In this part, we will explore and model the relationship between the numerical features and the `Runtime (min)` variable as the label using linear regression.


**Run the cell below to load in the data.**

In [None]:
url = "https://docs.google.com/spreadsheets/d/e/2PACX-1vS9jPkeKJ8QUuAl-fFdg3nJPDP6vx1byvIBl4yW8UZZJ9QEscyALJp1eywKeAg7aAffwdKP63D9osF1/pub?gid=169291584&single=true&output=csv"
movie_df = pd.read_csv(url)

movie_df.drop_duplicates(inplace=True)

mean_runtime = movie_df['Runtime'].mean()
movie_df['Runtime'] = movie_df['Runtime'].fillna(mean_runtime)

movie_df = movie_df.rename(columns = {"Runtime": "Runtime (min)"})
movie_df = movie_df.astype({"Runtime (min)": "int64"})

<a name="p1.1"></a>

---
### **Part 1.1: Data Exploration**
---

#### **Problem #1.2.1**

Use `.head()` to take an initial look at the DataFrame.

#### **Problem #1.2.2**

Use `.info()` to determine which variables are numerical. These will be the ones you can use to model `Runtime (min)` since we cannot train linear regression on text.

#### **Problem #1.2.3**

Use `.describe()` to determine max, min, and average `Runtime (min`) of all numerical variables.

#### **Problem #1.2.4**

Create a scatterplot using `Runtime (min)` as the x-axis value and `Gross` as the y-axis value.

Make sure to include a meaningful:
* `Title`: "Gross Money vs. Runtime:
* `X-axis`: "Gross (USD)"
* `Y-axis`: "Runtime (min)"

#### **Problem #1.2.5**

Create a scatterplot using `Released_Year` as the x-axis value and `Runtime (min)` as the y-axis value.
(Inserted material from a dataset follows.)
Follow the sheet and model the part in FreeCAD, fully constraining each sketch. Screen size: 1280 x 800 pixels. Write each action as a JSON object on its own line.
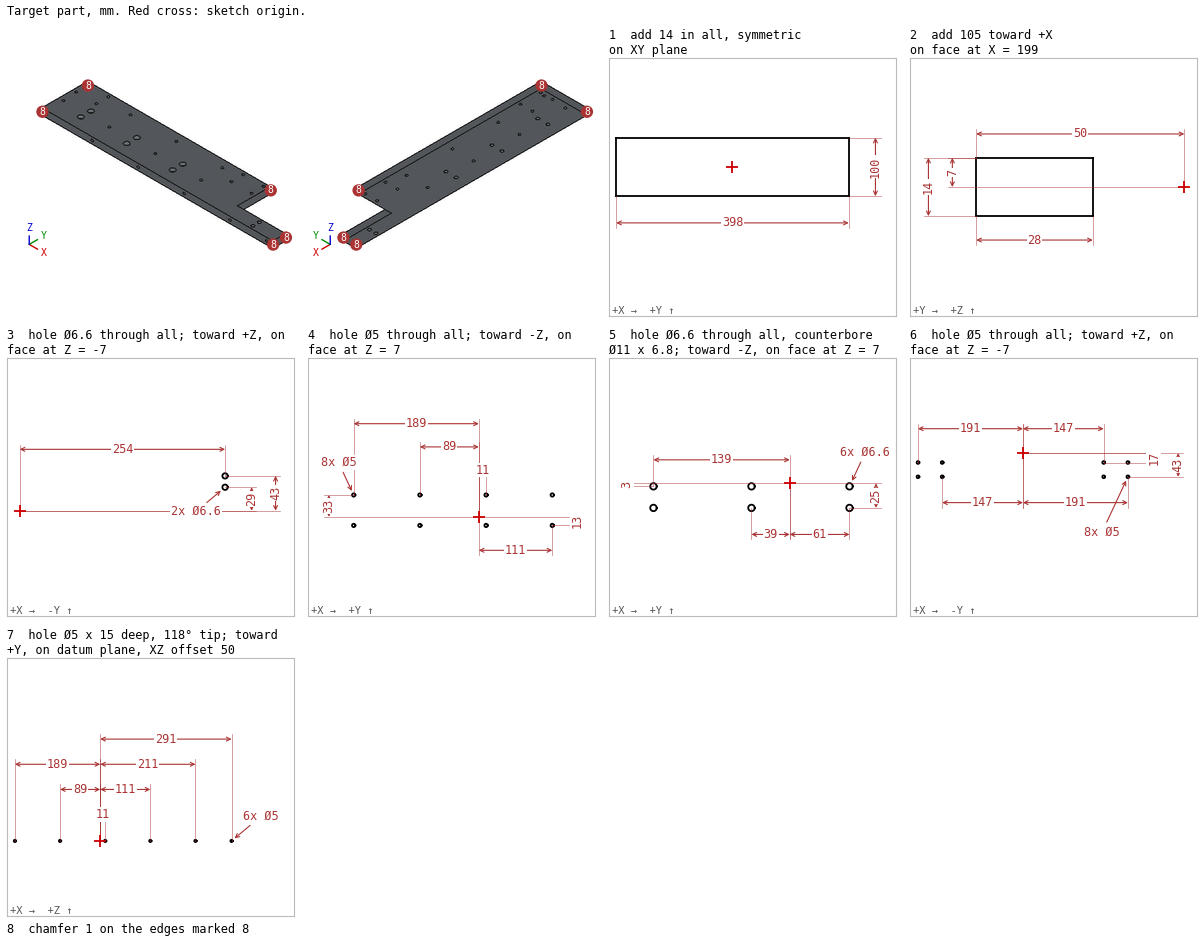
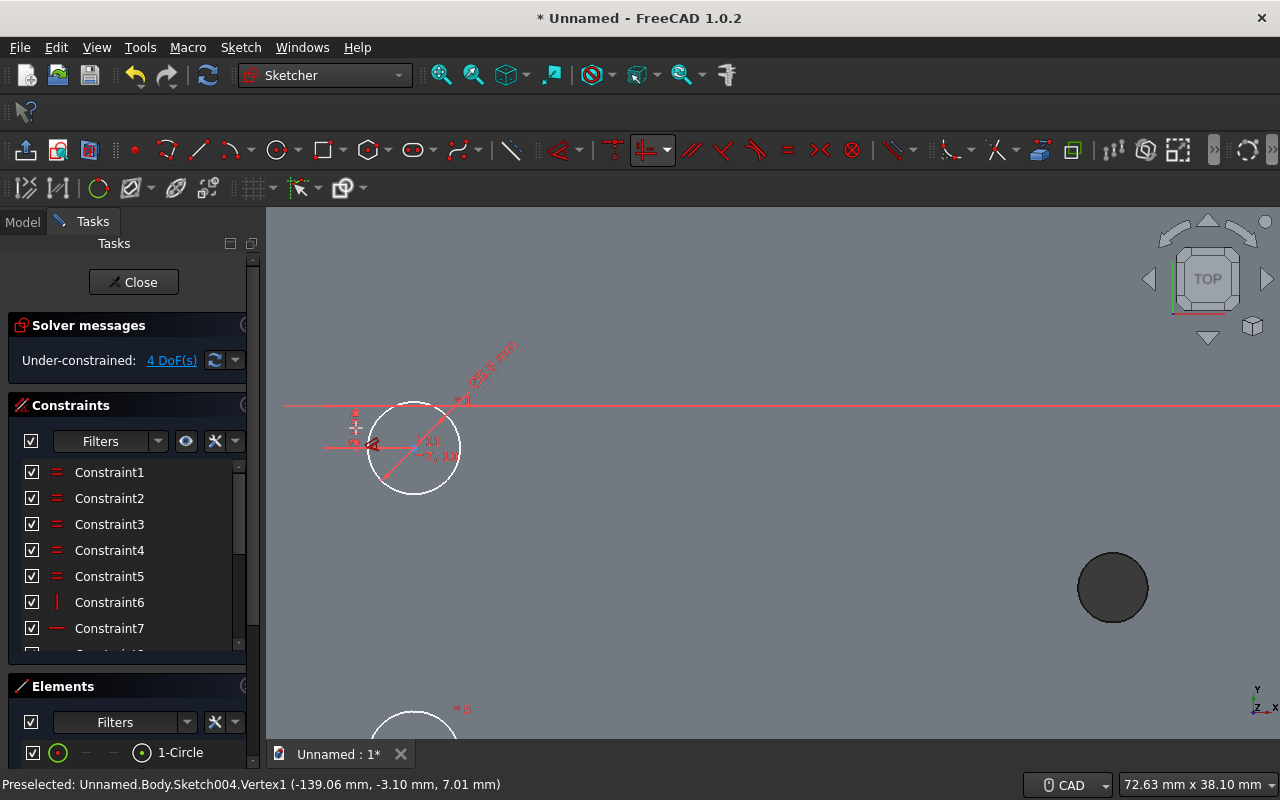
{"action": "scroll", "coordinate": [425, 440], "scroll_direction": "down", "scroll_amount": 8}
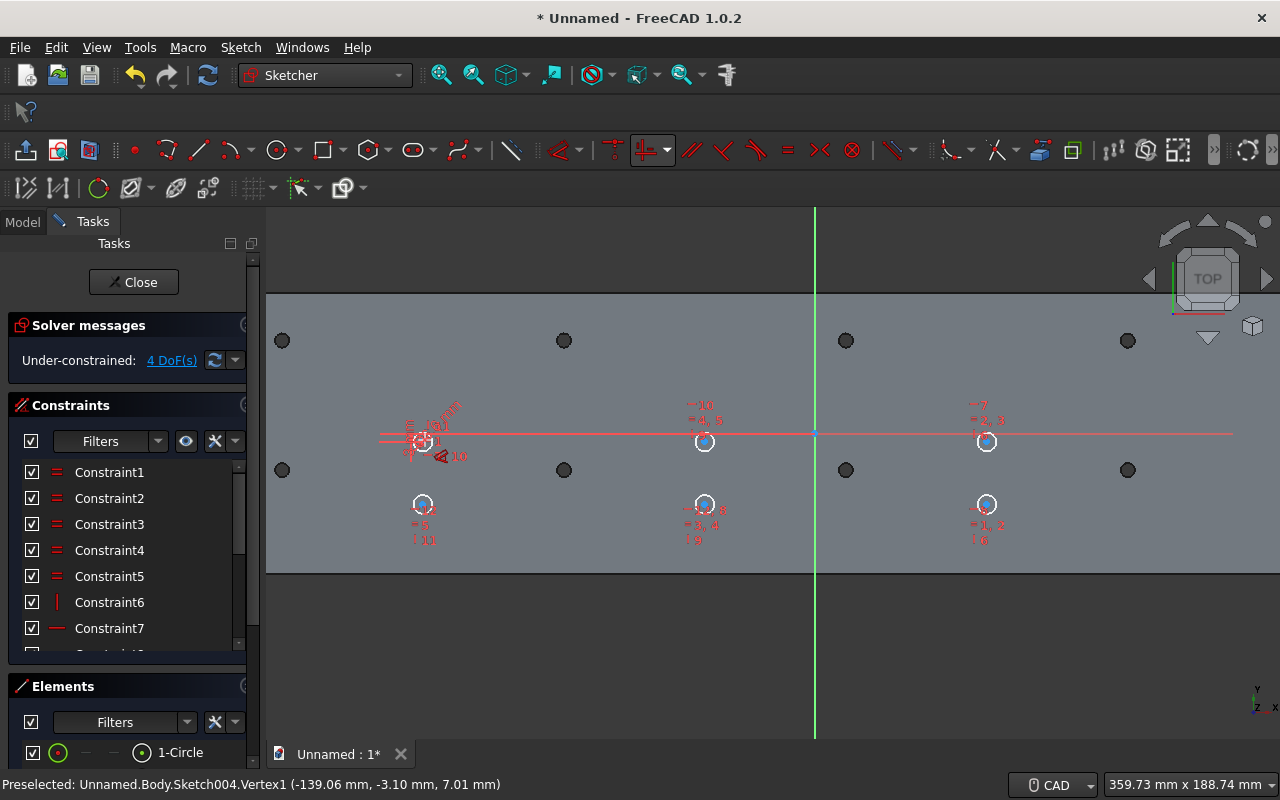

Make sure to include a meaningful:
* `Title`: "Runtime vs. Released_Year"
* `X-axis`: "Year"
* `Y-axis`: "Runtime (min)"

#### **Problem #1.2.6**

Create a *lineplot* using `Runtime (min)` as the x-axis value and `Gross` as the y-axis value.

Make sure to include a meaningful:
* Title, ex: `'Gross Money vs. Runtime'`.
* X-axis label including units `'min'`.
* Y-axis label including units `'USD'`.

<br>

**NOTE**: This is not going to be a particularly helpful graph (the scatter plot is a better choice), but we oftentimes will not know this ahead of time. A lot of EDA and visualizations involves trying a number of things and seeing what is useful.

#### **Problem #1.2.7**

Create a *lineplot* using `Released_Year` as the x-axis value and `Average Gross in Year` as the y-axis value.

Make sure to include a meaningful:
* Title, ex: `'Average Gross Money vs. Released Year'`.
* X-axis label.
* Y-axis label including units `'USD'`.

In [None]:
mean_gross = movie_df.groupby(# COMPLETE THIS LINE


#### **Problem #1.2.8**

Create a bar plot of the number of movies released per year.

Use the DataFrame provided, `movies_per_year` and make sure to include a meaningful:
* Title.
* X-axis label.
* Y-axis label.

In [None]:
movies_per_year = movie_df['Released_Year'].value_counts()

plt.bar(movies_per_year.index, # COMPLETE THIS CODE

#### **Problem #1.2.9**

Create a bar plot of the number of Dramas released per year.

Use the DataFrame provided, `movies_per_year` and make sure to include a meaningful:
* Title.
* X-axis label.
* Y-axis label.

<br>

**Hint**: Recall that you can use `.loc[CRITERIA, :]` to find all data matching given criteria and the example in Problem #6 for finding the number of movies realeased per year.

In [None]:
# COMPLETE THIS CODE

<a name="p1.2"></a>

---
### **Part 1.2: Linear Regression**
---

In this part, we will model the relationship between the numerical features and the `Runtime (min)` variable as the label using linear regression.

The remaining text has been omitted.